The community stands in awe of cardiac surgeons, who daily stop and restart the beating heart, symbolic of life itself. The community also has a high regard for neurosurgeons who, somewhat less dramatically, not only save lives, but may in addition be able to prevent a life of paralysis or dementia. Other surgeons occupy lesser positions on the pedestal, depending on their work. So avid is the public for surgical stories, it could be argued, that the term ‘the wonders of modern surgery’ has become hackneyed; wearied by a string of TV shows from Ben Casey to ER, House and Grey's Anatomy, not to mention countless numbers of newspaper articles, magazine features and books on the subject.
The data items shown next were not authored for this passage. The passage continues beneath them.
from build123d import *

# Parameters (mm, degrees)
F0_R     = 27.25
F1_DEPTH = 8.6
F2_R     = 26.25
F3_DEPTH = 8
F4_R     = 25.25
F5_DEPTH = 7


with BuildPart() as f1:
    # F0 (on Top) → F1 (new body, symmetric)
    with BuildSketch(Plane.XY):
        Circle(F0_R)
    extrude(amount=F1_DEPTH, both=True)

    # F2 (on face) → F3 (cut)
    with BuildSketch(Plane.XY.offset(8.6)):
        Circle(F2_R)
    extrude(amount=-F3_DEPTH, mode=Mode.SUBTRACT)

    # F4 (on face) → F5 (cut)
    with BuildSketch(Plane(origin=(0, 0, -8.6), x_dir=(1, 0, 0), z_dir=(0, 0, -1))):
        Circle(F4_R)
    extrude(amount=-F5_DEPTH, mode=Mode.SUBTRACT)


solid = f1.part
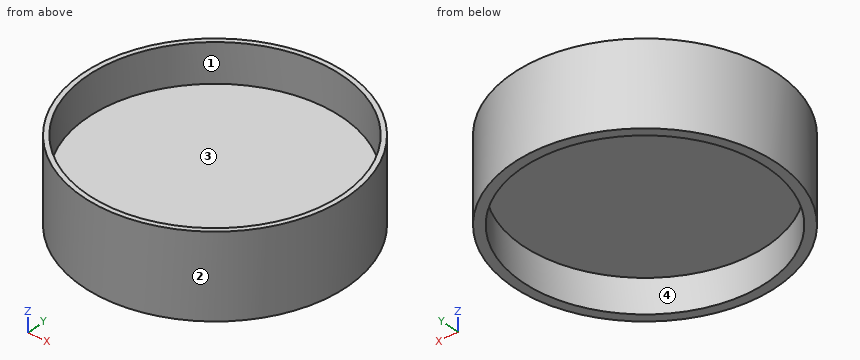
Read the model definition and answer for the solid it produces. Units are mm, in the model's axes. Face numbers are marked on the shaded views. A direction names the side the tool comes from. Round coordinates to 2 decimals unless told otherwise and drop trailing zeros. Write each loop counter-clockwise with the first axis right and the second up, starting at its lowest first coordinate (ties: lowest second). Pieces come first, ordered by that corner, then holes. Notation, with made-up numbers: M -24.75,27 L 33.25,27 A18 cw 33.25,44 Z; hole C 48,84.25 d3. An arc over 180 degrees is marked long. Use a Markdown table: item, result.
1) A tool of negligible diameter and unlimited length cuts with its end or side. For the marked faces 3 and 4, from which of +Z, -Z, +X, -X, +Y, -Y can it reach the whole face along a straight path? Write none if from no direction.
Answers follow:
| item | result |
|---|---|
| face 3 | +Z |
| face 4 | -Z |
2) The part is cut by section C-C (z = 1.5). Write down the section's boundary in (x, y).
Answers follow:
| item | result |
|---|---|
| outline | C 0,0 d54.5; hole C 0,0 d52.5 |
3) The part is cut by section D-D (z = -3.5). Write down the section's boundary in (x, y).
Answers follow:
| item | result |
|---|---|
| outline | C 0,0 d54.5; hole C 0,0 d50.5 |
4) Straight lines are drawn through the part: line 1 along Y through (x, z) = (0, 6); line 2 along Y through (x, z) = (0, -3.25); line 3 along X through (y, z) = (19, -3.5). For each, find the intervals that lie inside material, in ascending order. Write a range as [from, to].
Answers follow:
| item | result |
|---|---|
| line 1 | y = [-27.25, -26.25], [26.25, 27.25] |
| line 2 | y = [-27.25, -25.25], [25.25, 27.25] |
| line 3 | x = [-19.53, -16.63], [16.63, 19.53] |
5) The part is cut by section A-A (x = 0). Write down the section's boundary in (y, z).
Answers follow:
| item | result |
|---|---|
| outline | M -27.25,-8.6 L -25.25,-8.6 L -25.25,-1.6 L 25.25,-1.6 L 25.25,-8.6 L 27.25,-8.6 L 27.25,8.6 L 26.25,8.6 L 26.25,0.6 L -26.25,0.6 L -26.25,8.6 L -27.25,8.6 Z |
6) For a pull along Y with two mould halves and no side action, classify the marked faces 1 and 2 as pulls with the +Y half, pulls with the -Y half, needs draft (parallel to the pull), parting line crosses it, or undercut.
Answers follow:
| item | result |
|---|---|
| face 1 | undercut |
| face 2 | parting line crosses it |
7) Flat-ended cylindrical pins translate along their axes: pin 1 (3 mm diameter, centred on x = -19.5, z = -1, fed in from +Y); pin 2 (2 mm diameter, centred on x = -20.5, z = -0.5, fed in from +Y); pin 3 (5 mm diameter, centred on x = -16, z = 3.5, fed in from -Y). Find the tip coordinate at first contact, or state that the pin passes through.
Answers follow:
| item | result |
|---|---|
| pin 1 | stops at y = 20.46 |
| pin 2 | stops at y = 19.03 |
| pin 3 | stops at y = -23.67 |
Autodesk Inventor part; units mm, degrees
ref_plane "YZ Plane" through (0, 0, 0) normal (1, 0, 0) x (0, 1, 0)
ref_plane "XZ Plane" through (0, 0, 0) normal (0, 1, 0) x (-1, 0, 0)
ref_plane "XY Plane" through (0, 0, 0) normal (0, 0, 1) x (1, 0, 0)
sketch "Sketch1" plane through (0, 0, 0) normal (0, 0, 1) x (1, 0, 0)
  line L0 (0, 0) -> (30, 0)
  line L1 (30, 0) -> (30, 4)
  line L2 (30, 4) -> (0, 4)
  line L3 (0, 4) -> (0, 0)
  line L4 (15, 4) -> (11, 4)
  line L5 (15, 4) -> (19, 4)
  line L6 (11, 4) -> (11, 60)
  line L7 (19, 4) -> (19, 60)
  line L8 (11, 60) -> (19, 60)
  circle A0 centre (15, 60) radius 7.5
  circle A1 centre (15, 60) radius 12.5
  arc A2 (11, 48.1573) -> (19, 48.1573) centre (15, 60) ccw
  arc A3 (11, 53.6557) -> (19, 53.6557) centre (15, 60) ccw
  dimension "d0" = 30
  dimension "d1" = 4
  dimension "d2" = 4
  dimension "d3" = 4
  dimension "d5" = 60
  dimension "d6" = 15
  dimension "d7" = 25
extrude "Extrusion1" add sketch "Sketch1" along normal mid plane 12 contours L3 L2 L1 L0 | L6 A1 L7 L2
extrude "Extrusion2" add sketch "Sketch1" along normal mid plane 20 contours A1 L7 A0 L6 | L6 A0 L7 A1
sketch "Sketch2" plane through (19, 4, 6) normal (0, 1, 0) x (1, 0, 0)
  line L0 (0, 12) -> (0, 0)
  line L1 (11, 0) -> (0, 0)
  line L2 (11, 12) -> (11, 0)
  line L3 (0, 12) -> (11, 12)
  line L4 (0, 6) -> (11, 6)
  point P0 (-19, 6)
  point P1 (5.5, 6)
hole "Hole1" at (24.5, 4, 0) direction (0, -1, 0) diameter 3.5 end up to surface
ref_plane "Work Plane1" through (15, 4, -6) normal (-1, 0, 0) x (0, 0, 1)
mirror "Mirror1" about plane through (15, 4, -6) normal (-1, 0, 0) of "Hole1"
sketch "Sketch3" plane through (15, 60, 10) normal (0, 0, 1) x (1, 0, 0)
  circle A0 centre (0, 0) radius 7.5
  line L0 (0, 0) -> (2.5652, -7.0477)
  line L1 (0, 0) -> (-2.5652, -7.0477)
  line L2 (0, -74.5) -> (0, 27)
  line L3 (0, -7.5) -> (0, -2.25)
  line L4 (0, 0) -> (-7.5, 0)
  line L5 (7.5, 0) -> (0, 0)
  line L6 (3.75, 0) -> (4.5689, -2.25)
  line L7 (0, -3.75) -> (4.5689, -3.75)
  line L8 (4.5689, -3.75) -> (4.5689, -2.25)
  line L9 (2.9311, -2.25) -> (0, -2.25)
  line L10 (0, -2.25) -> (0, -3.75)
  line L11 (3.75, 0) -> (2.9311, -2.25)
  arc A1 (-2.5652, -7.0477) -> (2.5652, -7.0477) centre (0, 0) ccw
  point P0 (-15, -60)
  point P1 (-3.75, 0)
  dimension "d19" = 20
  dimension "d20" = 20
  dimension "d21" = 70
  dimension "d22" = 1.5
  dimension "d23" = 70
  dimension "d24" = 4.5689
  dimension "d25" = 2.9311
extrude "Extrusion3" add sketch "Sketch3" against normal up to surface (20 mm away) contours L1 L2 A0 | L0 L9 L2 | L2 L7 L0 A0 | L9 L11 L6 L8 L7 L0 | L0 L7 L2 L9
mirror "Mirror2" about plane through (15, 4, -6) normal (-1, 0, 0) of "Extrusion3"
equation "\"d2\" = d3"
equation "\"d20\" = d19"
equation "\"d23\" = d21"
properties part number "frontSight"
Could you check a few things on this model? Use its own coordinates, in mm. A direction names the side the tool comes from. Round coordinates to 2 decimals unless told otherwise and drop trailing zeros. Write each loop counter-clockwise with the first axis right and the second up, starting at its lowest first coordinate (ties: lowest second). Pieces come first, ordered by that corner, then holes. Notation, with made-up numbers: (53, -1.75) - (80, -1.75) arc R23 cw to (80, 11.25) - close; hole circle Ø5 at (30.25, 75.25). An arc over 180 degrees is marked (long way). Put each result on its own line as item: value. Start each with the question number.
(1) Will these pins go through, and if not, where does the flat tip stop? pin 1 (5 mm diameter, centred on x = 9.5, y = 40, fed in from -Z); pin 2 (1.2 mm diameter, centred on y = 56.5, z = 3, fed in from +X); pin 3 (5.5 mm diameter, centred on x = 27, z = 1.5, fed in from +Y).
(2) I want a section at D-D, the plane z = -5. Please give me the cut outline in (x, y), plus the area to 3 significant figures.
(3) I want a section at A-A, the plane x = 20.25. Please give me the cut outline in (y, z), plus the area to 3 significant figures.
(4) I want a section at B-B, the plane z = -0.5. Give the number of separate pieces and of enclosed holes in the cut face, plus the area to 3 significant figures.
(5) I need wall thicknesses on probe 1 along X at (y, z) = (0.9, 0); probe 2 along Z at (x, y) = (5.5, 3.15); probe 3 along Y at (x, z) = (24, -4.5). Which ranges of each line are inside material? Lowest first, please.
(6) For faces 1 (the flat face through (0, 2, 0)), 2 (the flat face through (25.8, 4, -1.4)), 3 (the flat face through (11, 26, 0)), 4 (the flat face through (15.4, 58.9, 0.1)), which set-ups out of +Z, -Z, +X, -X, +Y, -Y let a thin tool reach every point of the face, with its end or its side?
(7) I want a section at C-C, the plane y = 25. Please give me the cut outline in (x, z).
(8) Thinking about a two-plate mould opening in Y: for faces 5 (the flat face through (6.8, 4, -1.4)), 6 (the cylindrical face through (15.1, 47.5, 8)), 7 (the cylindrical face through (7.21, 1.97, -0.38)), which applies, released by +Y, released by -Y, zero draft, split by the parting line, or undercut?
Here are the results:
1. pin 1: stops at z = -6
1. pin 2: stops at x = 27.16
1. pin 3: stops at y = 68.41
2. outline: (0, 0) - (30, 0) - (30, 4) - (19, 4) - (19, 48.16) arc R12.5 ccw (long way) to (11, 48.16) - (11, 4) - (0, 4) - close; hole (10.43, 56.25) - (10.43, 57.75) - (11.25, 60) - (12.07, 57.75) - (14.18, 57.75) - (15, 60) - (15.82, 57.75) - (17.93, 57.75) - (18.75, 60) - (19.57, 57.75) - (19.57, 56.25) - (16.36, 56.25) - (17.57, 52.95) arc R7.5 ccw (long way) to (11, 53.66) arc R7.5 ccw to (12.43, 52.95) - (13.64, 56.25) - close
2. area: 818 mm^2
3. outline: (0, -6) - (4, -6) - (4, 6) - (0, 6) - close; (48.66, -10) - (54.64, -10) - (54.64, 10) - (48.66, 10) - close; (65.36, -10) - (71.34, -10) - (71.34, 10) - (65.36, 10) - close
3. area: 288 mm^2
4. separate pieces: 3
4. enclosed holes: 1
4. area: 791 mm^2
5. probe 1: x = 0 to 3.75, 7.25 to 22.75, 26.25 to 30
5. probe 2: z = -6 to -1.75, 1.75 to 6
5. probe 3: y = 0 to 4, 51.33 to 68.67
6. face 1: +Z, -Z, -X, +Y, -Y
6. face 2: +Z, -Z, +X
6. face 3: +Z, -Z, -X
6. face 4: +Z, -Z
7. outline: (11, -6) - (19, -6) - (19, 6) - (11, 6) - close
8. face 5: undercut
8. face 6: released by -Y
8. face 7: zero draft
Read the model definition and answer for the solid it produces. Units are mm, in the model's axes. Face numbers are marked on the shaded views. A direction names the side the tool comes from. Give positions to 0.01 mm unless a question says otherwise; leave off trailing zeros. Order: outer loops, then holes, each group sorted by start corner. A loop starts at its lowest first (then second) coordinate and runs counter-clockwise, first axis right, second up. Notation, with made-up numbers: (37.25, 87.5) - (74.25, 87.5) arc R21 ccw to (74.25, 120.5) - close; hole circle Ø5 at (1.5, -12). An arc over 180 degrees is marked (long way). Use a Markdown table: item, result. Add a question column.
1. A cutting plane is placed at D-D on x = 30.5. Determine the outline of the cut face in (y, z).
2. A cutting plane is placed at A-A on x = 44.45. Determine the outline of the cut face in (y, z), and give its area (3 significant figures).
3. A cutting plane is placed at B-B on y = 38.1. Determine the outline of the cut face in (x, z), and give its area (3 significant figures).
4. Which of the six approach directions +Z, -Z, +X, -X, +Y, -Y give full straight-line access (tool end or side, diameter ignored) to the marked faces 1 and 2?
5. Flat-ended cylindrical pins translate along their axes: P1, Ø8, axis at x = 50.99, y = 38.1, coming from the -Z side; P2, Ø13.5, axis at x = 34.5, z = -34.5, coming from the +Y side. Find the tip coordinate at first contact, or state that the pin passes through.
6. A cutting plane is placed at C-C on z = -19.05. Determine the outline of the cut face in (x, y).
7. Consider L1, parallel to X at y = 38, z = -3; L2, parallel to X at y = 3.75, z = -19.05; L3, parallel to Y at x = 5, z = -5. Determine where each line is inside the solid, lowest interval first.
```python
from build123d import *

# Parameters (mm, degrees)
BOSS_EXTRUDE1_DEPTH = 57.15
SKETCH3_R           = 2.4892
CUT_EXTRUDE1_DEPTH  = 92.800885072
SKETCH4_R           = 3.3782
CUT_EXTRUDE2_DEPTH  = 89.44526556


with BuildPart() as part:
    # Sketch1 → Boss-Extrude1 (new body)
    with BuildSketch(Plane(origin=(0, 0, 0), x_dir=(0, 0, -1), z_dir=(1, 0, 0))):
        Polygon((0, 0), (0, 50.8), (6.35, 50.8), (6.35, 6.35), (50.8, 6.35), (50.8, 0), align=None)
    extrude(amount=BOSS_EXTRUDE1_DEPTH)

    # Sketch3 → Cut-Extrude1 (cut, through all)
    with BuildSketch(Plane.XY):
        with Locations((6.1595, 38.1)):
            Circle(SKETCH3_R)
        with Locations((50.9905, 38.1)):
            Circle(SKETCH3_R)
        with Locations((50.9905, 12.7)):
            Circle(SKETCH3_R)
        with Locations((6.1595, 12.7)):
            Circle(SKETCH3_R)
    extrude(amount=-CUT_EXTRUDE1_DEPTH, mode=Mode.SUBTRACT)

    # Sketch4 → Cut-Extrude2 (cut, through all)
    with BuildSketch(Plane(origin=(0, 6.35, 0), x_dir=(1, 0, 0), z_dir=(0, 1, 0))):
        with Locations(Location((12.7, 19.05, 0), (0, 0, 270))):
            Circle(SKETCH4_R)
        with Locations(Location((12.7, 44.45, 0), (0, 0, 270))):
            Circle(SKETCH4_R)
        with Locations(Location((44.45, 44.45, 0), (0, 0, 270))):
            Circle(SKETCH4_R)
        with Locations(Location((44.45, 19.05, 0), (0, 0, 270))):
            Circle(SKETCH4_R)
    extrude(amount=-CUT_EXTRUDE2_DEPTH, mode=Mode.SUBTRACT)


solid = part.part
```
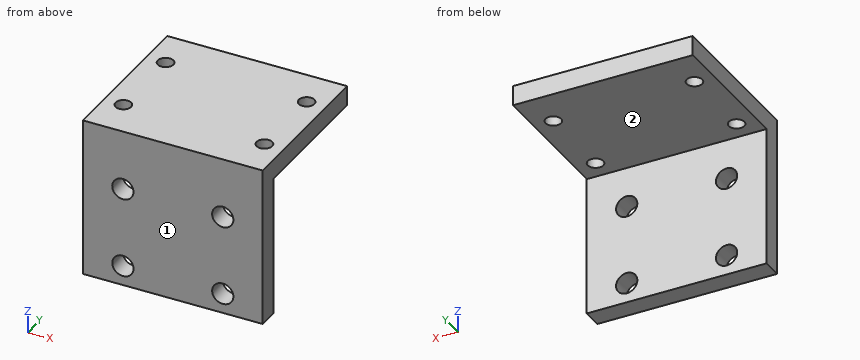
Output values:
| question | item | result |
|---|---|---|
| 1 | outline | (0, -50.8) - (6.35, -50.8) - (6.35, -6.35) - (50.8, -6.35) - (50.8, 0) - (0, 0) - close |
| 2 | outline | (0, -50.8) - (6.35, -50.8) - (6.35, -47.83) - (0, -47.83) - close; (0, -41.07) - (6.35, -41.07) - (6.35, -22.43) - (0, -22.43) - close; (0, -15.67) - (6.35, -15.67) - (6.35, -6.35) - (50.8, -6.35) - (50.8, 0) - (0, 0) - close |
| 2 | area | 519 mm² |
| 3 | outline | (0, -6.35) - (3.67, -6.35) - (3.67, 0) - (0, 0) - close; (8.65, -6.35) - (48.5, -6.35) - (48.5, 0) - (8.65, 0) - close; (53.48, -6.35) - (57.15, -6.35) - (57.15, 0) - (53.48, 0) - close |
| 3 | area | 300 mm² |
| 4 | face 1 | +Z, -Z, +X, -X, -Y |
| 4 | face 2 | -Z, +X, -X, +Y |
| 5 | P1 | z = -6.35 |
| 5 | P2 | y = 6.35 |
| 6 | outline | (0, 0) - (9.32, 0) - (9.32, 6.35) - (0, 6.35) - close; (16.08, 0) - (41.07, 0) - (41.07, 6.35) - (16.08, 6.35) - close; (47.83, 0) - (57.15, 0) - (57.15, 6.35) - (47.83, 6.35) - close |
| 7 | L1 | 0 to 3.67, 8.65 to 48.5, 53.48 to 57.15 |
| 7 | L2 | 0 to 9.32, 16.08 to 41.07, 47.83 to 57.15 |
| 7 | L3 | 0 to 10.5, 14.9 to 35.9, 40.3 to 50.8 |

But all surgeons stand on the shoulders of their predecessors. The current state is the product of a process, gradual at first, which has followed an exponential path over about a 150 years since the discovery of anaesthesia let the ethereal genie out of the bottle. Many more than three wishes have been granted, and perhaps surgical success has become so trite that some fundamental truths are overlooked.

  • The progress from which we now benefit can only have been achieved by a process of trial and error involving human subjects. It seems singularly unlikely that the necessary experimentation was always conducted in a way that would satisfy modern ethical standards, yet we incorporate the knowledge in our current practice anyway.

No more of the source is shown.